=== Section Start ===

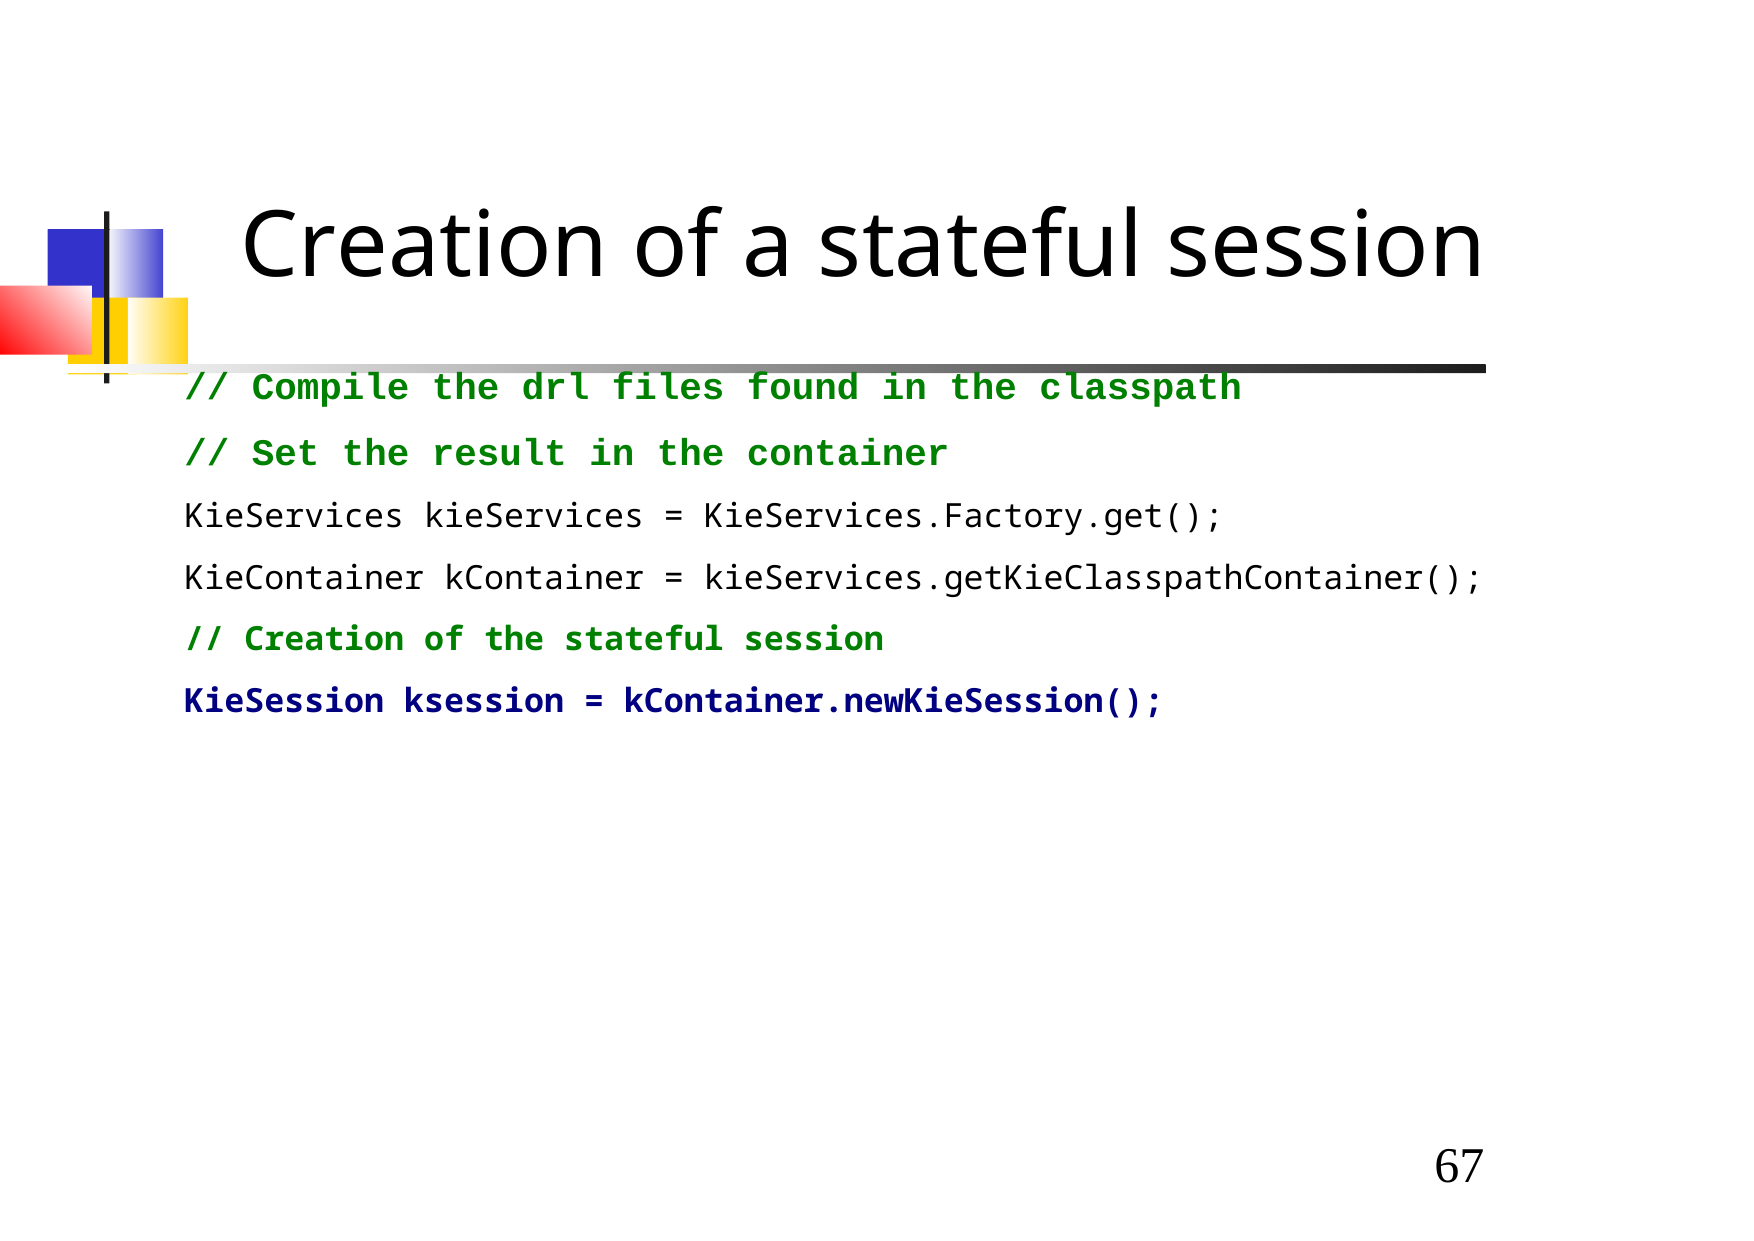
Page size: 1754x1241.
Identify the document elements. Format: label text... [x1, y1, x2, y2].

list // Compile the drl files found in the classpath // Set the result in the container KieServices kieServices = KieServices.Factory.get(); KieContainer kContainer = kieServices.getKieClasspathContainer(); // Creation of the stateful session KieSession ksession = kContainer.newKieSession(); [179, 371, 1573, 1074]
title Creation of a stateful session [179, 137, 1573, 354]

=== Section End ===
=== Section Start ===

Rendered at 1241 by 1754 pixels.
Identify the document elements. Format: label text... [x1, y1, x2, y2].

=== Section End ===
=== Section Start ===

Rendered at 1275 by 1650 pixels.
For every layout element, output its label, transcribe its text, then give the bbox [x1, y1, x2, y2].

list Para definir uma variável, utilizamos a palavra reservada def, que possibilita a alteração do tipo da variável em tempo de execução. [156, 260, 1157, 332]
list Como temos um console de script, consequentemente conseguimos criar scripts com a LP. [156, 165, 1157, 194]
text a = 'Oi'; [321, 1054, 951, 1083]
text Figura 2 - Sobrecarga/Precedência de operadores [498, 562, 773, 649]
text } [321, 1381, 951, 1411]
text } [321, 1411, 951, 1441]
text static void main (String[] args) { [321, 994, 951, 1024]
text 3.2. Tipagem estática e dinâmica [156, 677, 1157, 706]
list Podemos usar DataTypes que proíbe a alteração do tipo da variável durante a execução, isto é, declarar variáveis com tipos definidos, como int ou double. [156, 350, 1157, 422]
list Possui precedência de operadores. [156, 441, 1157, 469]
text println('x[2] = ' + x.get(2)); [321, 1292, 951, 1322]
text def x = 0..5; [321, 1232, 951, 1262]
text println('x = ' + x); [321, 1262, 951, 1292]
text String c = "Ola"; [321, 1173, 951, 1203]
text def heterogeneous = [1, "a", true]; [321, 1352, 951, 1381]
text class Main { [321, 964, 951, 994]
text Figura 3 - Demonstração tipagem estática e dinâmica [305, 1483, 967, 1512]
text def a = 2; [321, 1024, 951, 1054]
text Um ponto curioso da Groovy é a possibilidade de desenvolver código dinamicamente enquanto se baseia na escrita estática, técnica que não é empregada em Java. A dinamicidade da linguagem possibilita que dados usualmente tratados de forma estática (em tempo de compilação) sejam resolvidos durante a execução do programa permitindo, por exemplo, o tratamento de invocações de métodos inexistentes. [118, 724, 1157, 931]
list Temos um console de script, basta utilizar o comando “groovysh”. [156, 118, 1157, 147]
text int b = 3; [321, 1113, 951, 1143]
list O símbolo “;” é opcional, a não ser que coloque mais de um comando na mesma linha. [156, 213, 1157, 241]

=== Section End ===

*EXERCISE DIRECTIONS*
Determine which lines above include the word "Rendered", and report those lines in full.

*WRITTEN RESPONSE*
Rendered at 1241 by 1754 pixels.
Rendered at 1275 by 1650 pixels.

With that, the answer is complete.